**WORK TASK:**
Which lines of the entries contain the string "below"? Copy each of them.

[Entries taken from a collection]
=== Section Start ===

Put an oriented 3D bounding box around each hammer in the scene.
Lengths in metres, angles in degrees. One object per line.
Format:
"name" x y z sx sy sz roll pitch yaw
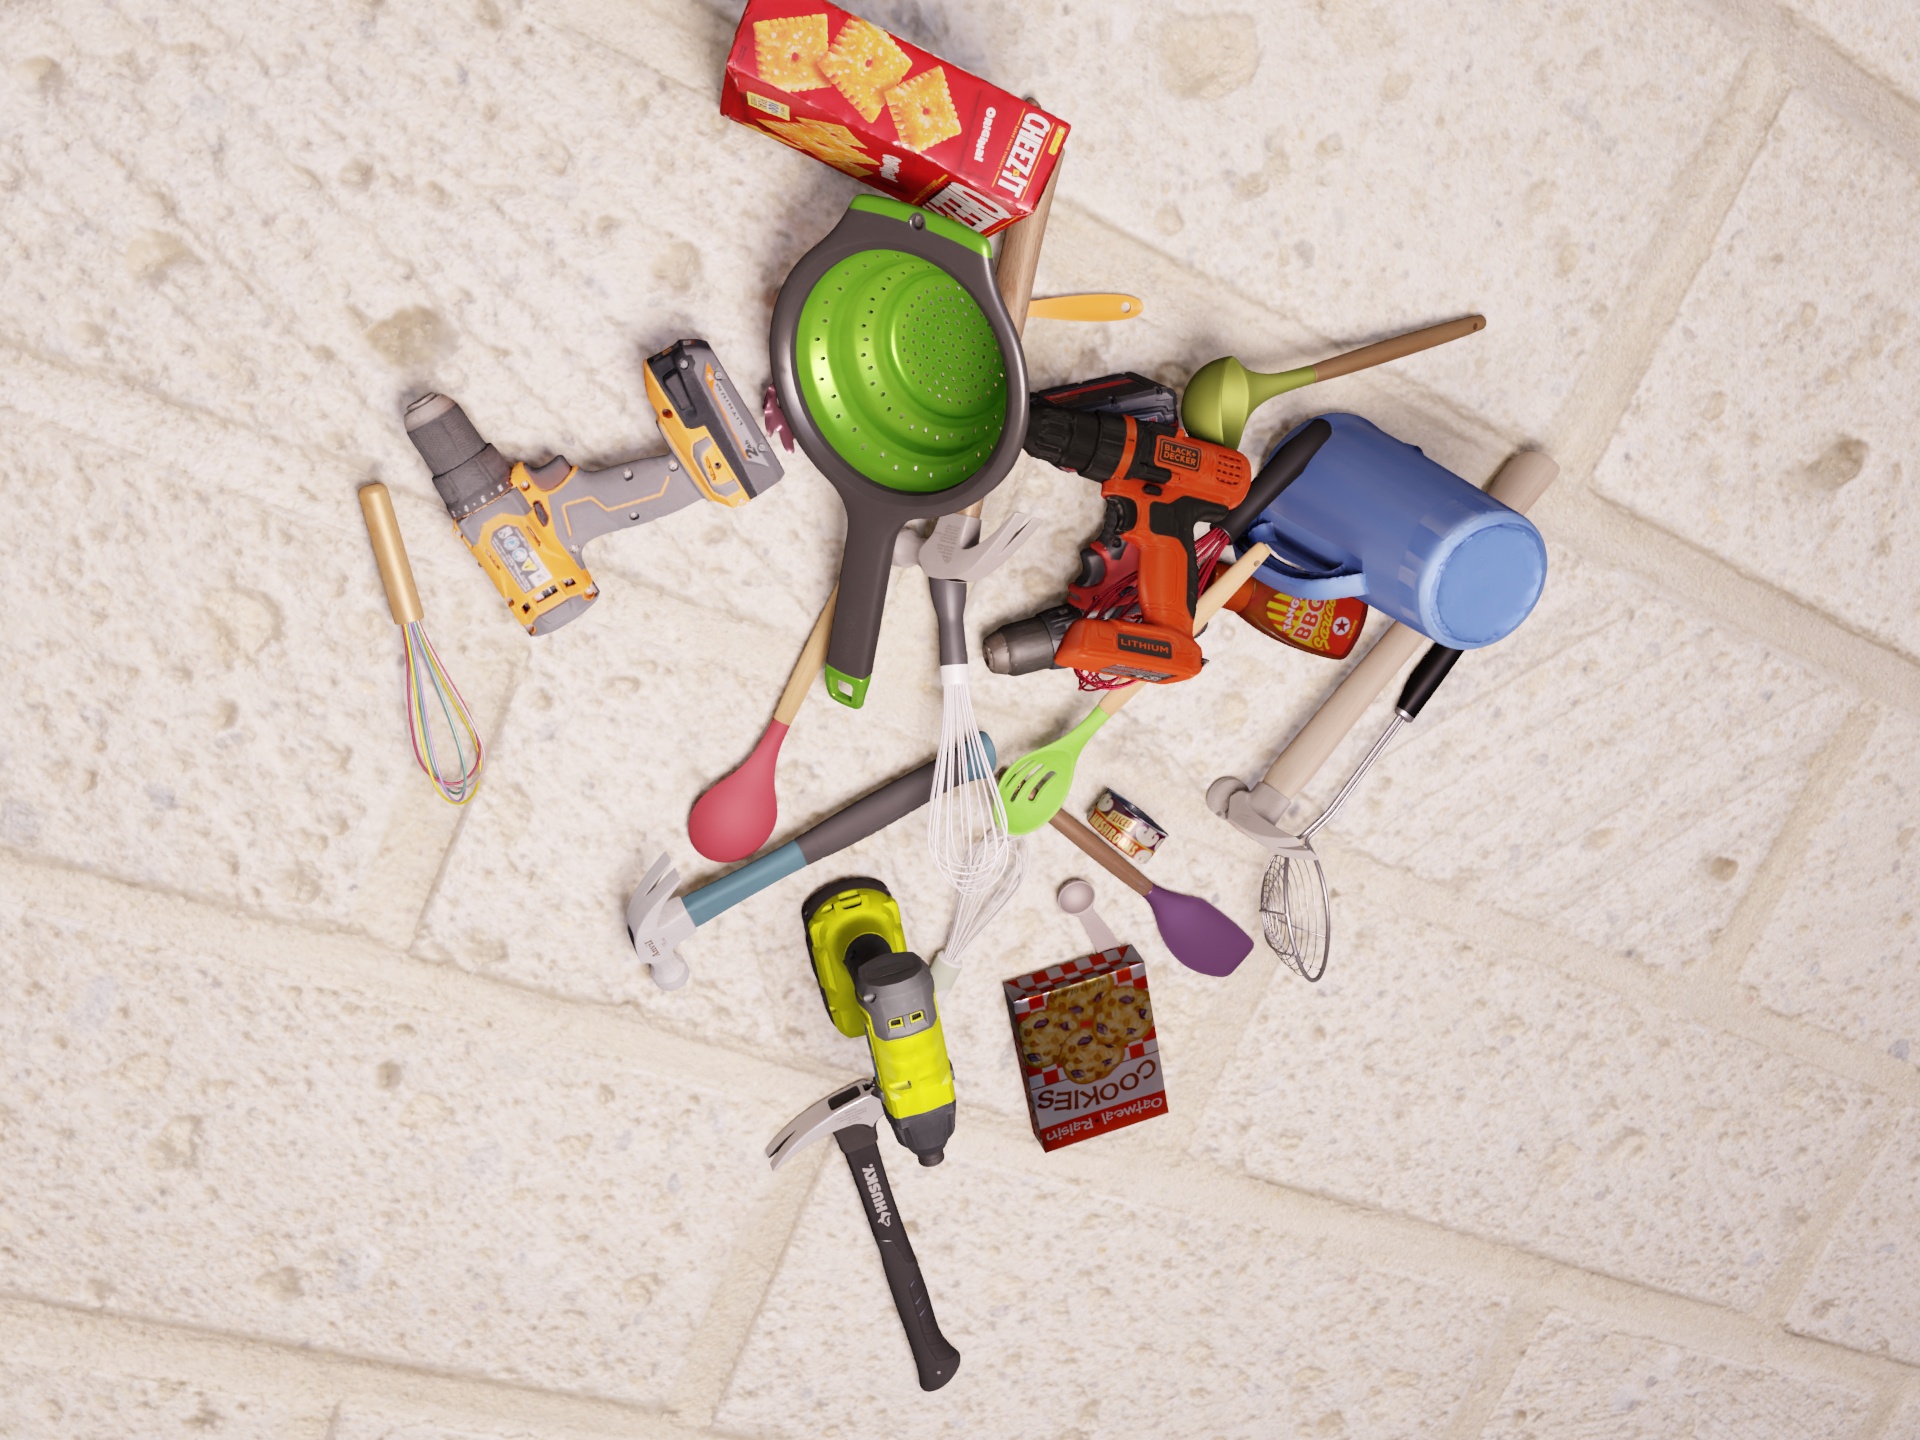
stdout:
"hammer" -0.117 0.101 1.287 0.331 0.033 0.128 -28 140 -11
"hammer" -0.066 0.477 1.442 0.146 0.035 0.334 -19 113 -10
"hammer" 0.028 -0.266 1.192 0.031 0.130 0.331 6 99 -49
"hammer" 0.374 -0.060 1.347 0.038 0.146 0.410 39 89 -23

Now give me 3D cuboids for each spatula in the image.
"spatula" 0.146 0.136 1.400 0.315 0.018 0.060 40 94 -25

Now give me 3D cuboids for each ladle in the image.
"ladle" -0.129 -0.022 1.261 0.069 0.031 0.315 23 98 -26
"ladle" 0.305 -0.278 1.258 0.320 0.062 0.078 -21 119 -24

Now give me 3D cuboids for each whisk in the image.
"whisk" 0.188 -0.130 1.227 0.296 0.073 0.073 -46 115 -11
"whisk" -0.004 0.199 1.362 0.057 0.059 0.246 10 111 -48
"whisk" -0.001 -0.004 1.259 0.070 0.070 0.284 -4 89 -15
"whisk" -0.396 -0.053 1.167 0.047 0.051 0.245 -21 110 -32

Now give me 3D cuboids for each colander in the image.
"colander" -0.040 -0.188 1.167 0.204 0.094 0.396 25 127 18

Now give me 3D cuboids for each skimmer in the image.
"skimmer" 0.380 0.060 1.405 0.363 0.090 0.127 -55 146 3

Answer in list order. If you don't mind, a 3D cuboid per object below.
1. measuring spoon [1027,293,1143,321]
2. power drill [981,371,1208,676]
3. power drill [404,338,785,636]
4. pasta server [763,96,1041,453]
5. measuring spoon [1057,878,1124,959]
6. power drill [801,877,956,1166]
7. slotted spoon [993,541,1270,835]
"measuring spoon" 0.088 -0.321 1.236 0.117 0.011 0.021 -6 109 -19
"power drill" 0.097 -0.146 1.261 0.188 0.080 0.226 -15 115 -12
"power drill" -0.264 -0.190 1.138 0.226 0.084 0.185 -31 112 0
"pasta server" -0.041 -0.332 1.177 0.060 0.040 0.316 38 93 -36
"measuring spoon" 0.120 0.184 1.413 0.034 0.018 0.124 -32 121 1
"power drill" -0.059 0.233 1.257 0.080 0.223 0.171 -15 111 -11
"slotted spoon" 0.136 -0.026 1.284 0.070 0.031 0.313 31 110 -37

=== Section End ===
=== Section Start ===

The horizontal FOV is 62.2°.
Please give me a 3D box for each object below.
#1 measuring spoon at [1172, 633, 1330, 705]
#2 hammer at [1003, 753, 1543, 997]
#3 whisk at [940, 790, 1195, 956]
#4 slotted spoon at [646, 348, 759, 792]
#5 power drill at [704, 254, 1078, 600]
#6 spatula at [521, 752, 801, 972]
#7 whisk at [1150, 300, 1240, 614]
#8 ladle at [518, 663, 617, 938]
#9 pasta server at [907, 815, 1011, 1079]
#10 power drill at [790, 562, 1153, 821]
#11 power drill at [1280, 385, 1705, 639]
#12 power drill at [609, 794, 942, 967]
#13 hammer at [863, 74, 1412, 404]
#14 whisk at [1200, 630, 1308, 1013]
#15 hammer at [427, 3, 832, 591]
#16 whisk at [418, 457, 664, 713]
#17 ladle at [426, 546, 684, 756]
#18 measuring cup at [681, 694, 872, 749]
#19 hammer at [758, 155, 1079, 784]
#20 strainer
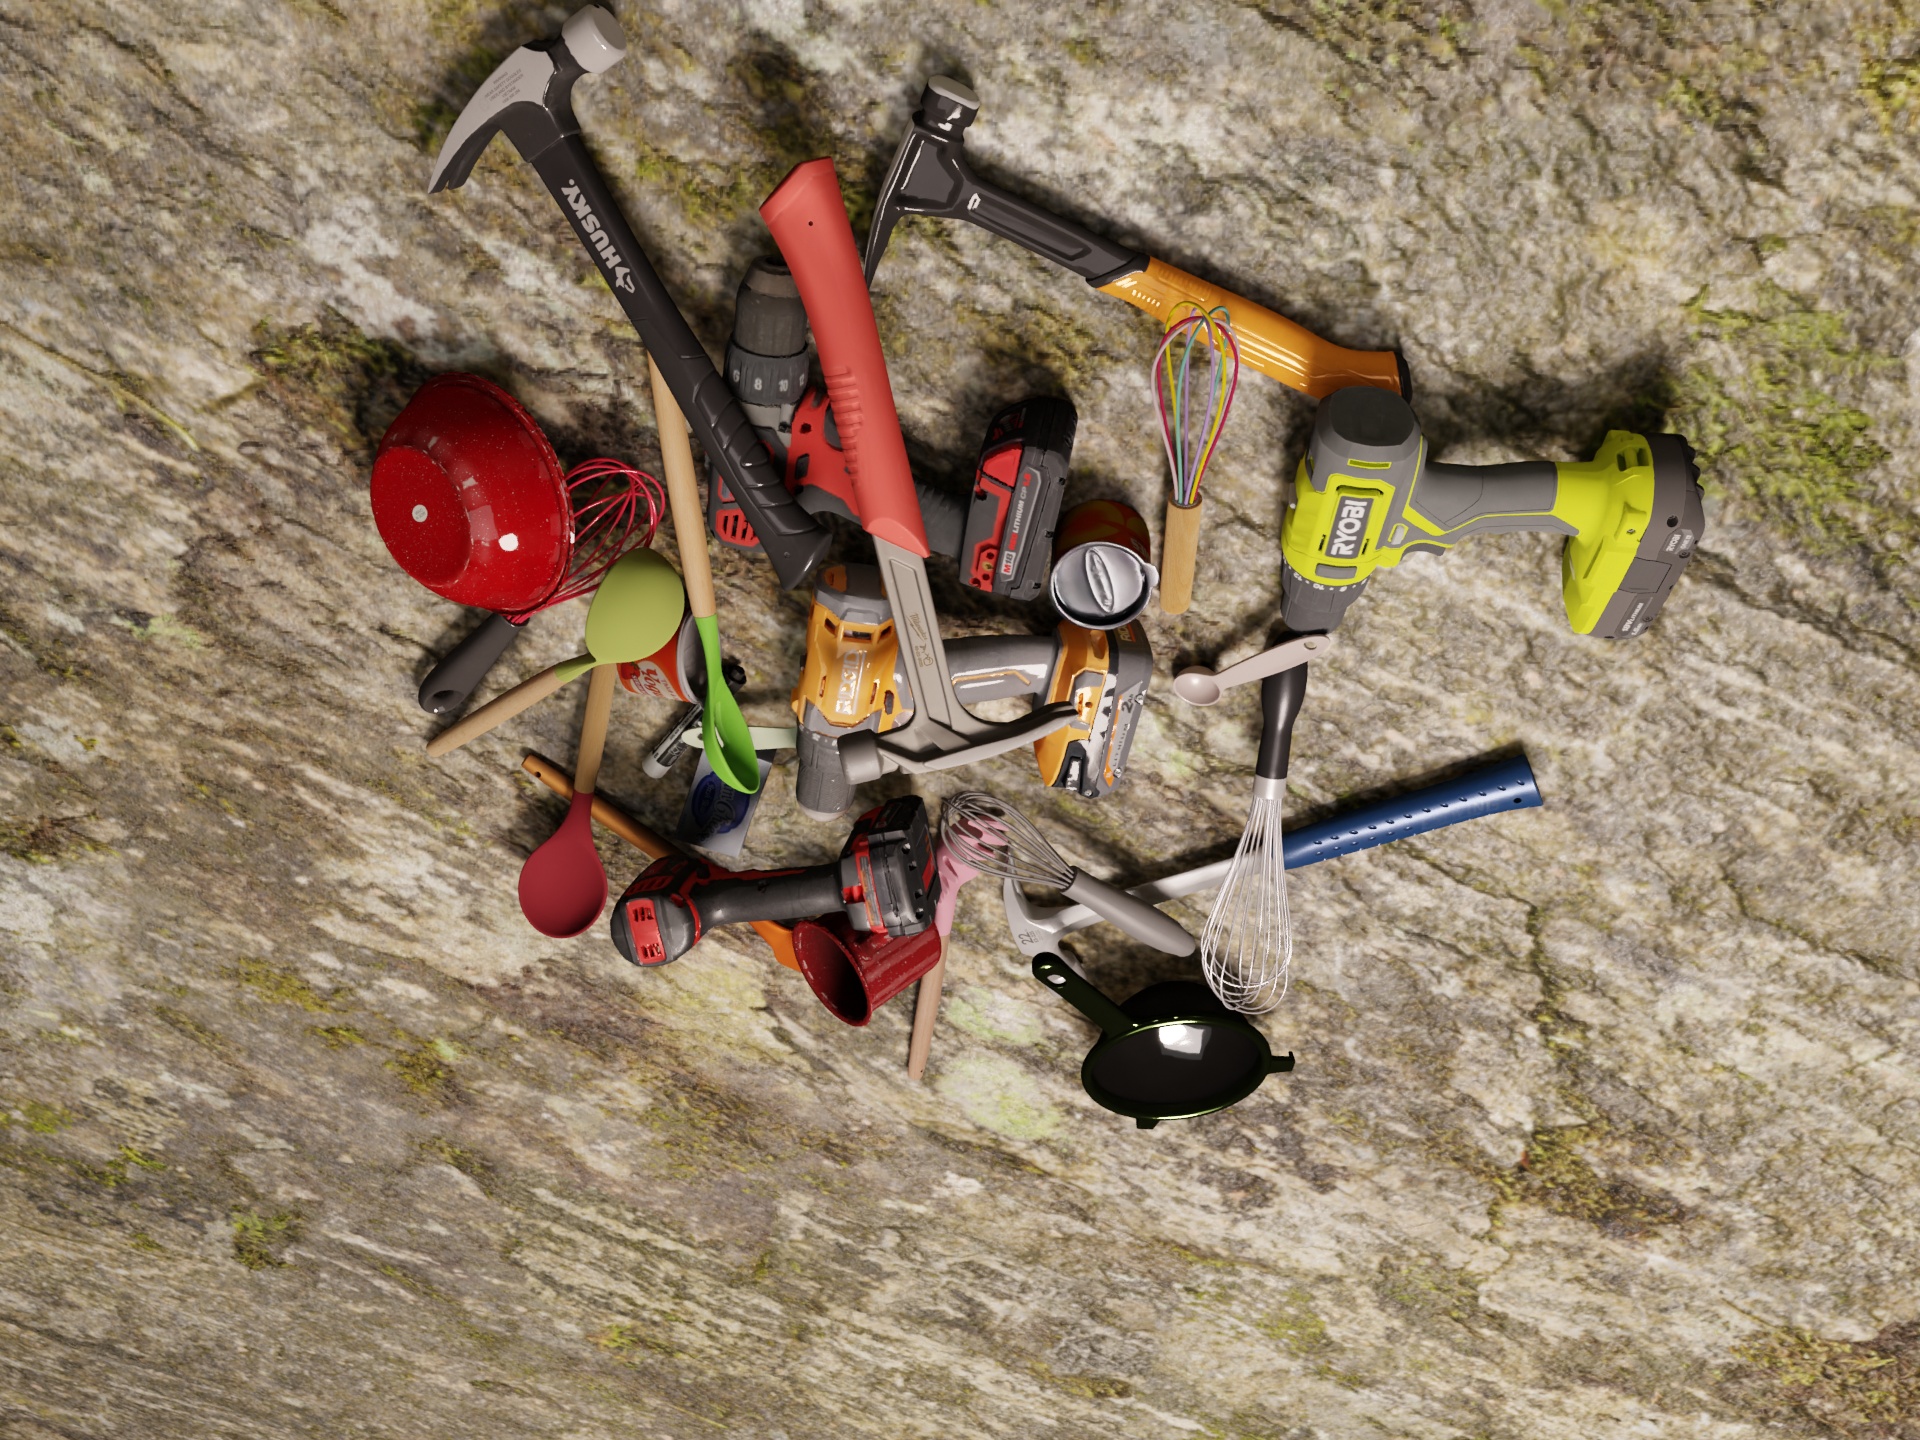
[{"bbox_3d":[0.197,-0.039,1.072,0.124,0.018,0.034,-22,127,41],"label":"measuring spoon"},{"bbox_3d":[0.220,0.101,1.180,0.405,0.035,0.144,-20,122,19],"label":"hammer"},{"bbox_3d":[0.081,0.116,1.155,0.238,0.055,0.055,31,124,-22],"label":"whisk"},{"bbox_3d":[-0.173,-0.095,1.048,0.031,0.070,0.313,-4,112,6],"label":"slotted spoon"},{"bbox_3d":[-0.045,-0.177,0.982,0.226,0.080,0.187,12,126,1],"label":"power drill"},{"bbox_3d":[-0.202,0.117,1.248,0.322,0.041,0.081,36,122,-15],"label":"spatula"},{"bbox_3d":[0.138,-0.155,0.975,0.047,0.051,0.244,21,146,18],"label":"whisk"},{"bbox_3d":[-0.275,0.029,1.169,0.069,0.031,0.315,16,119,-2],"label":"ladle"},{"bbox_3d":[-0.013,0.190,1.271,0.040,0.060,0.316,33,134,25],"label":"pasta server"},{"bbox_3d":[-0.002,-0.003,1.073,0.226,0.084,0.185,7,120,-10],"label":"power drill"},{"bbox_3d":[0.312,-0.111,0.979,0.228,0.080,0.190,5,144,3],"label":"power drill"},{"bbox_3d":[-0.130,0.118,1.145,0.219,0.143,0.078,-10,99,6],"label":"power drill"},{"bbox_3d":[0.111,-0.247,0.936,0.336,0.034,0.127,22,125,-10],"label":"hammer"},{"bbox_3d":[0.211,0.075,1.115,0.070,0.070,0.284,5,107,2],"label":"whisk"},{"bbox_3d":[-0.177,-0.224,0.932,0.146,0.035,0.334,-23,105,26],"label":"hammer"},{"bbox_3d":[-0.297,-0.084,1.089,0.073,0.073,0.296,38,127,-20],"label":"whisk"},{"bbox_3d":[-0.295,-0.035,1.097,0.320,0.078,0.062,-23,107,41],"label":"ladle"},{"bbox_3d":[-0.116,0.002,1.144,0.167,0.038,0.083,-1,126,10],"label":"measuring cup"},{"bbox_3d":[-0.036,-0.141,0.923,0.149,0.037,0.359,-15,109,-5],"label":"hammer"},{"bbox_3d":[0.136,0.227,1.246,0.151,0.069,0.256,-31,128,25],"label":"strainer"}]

=== Section End ===

**ANSWER FOR THIS EXERCISE:**
Answer in list order. If you don't mind, a 3D cuboid per object below.
Please give me a 3D box for each object below.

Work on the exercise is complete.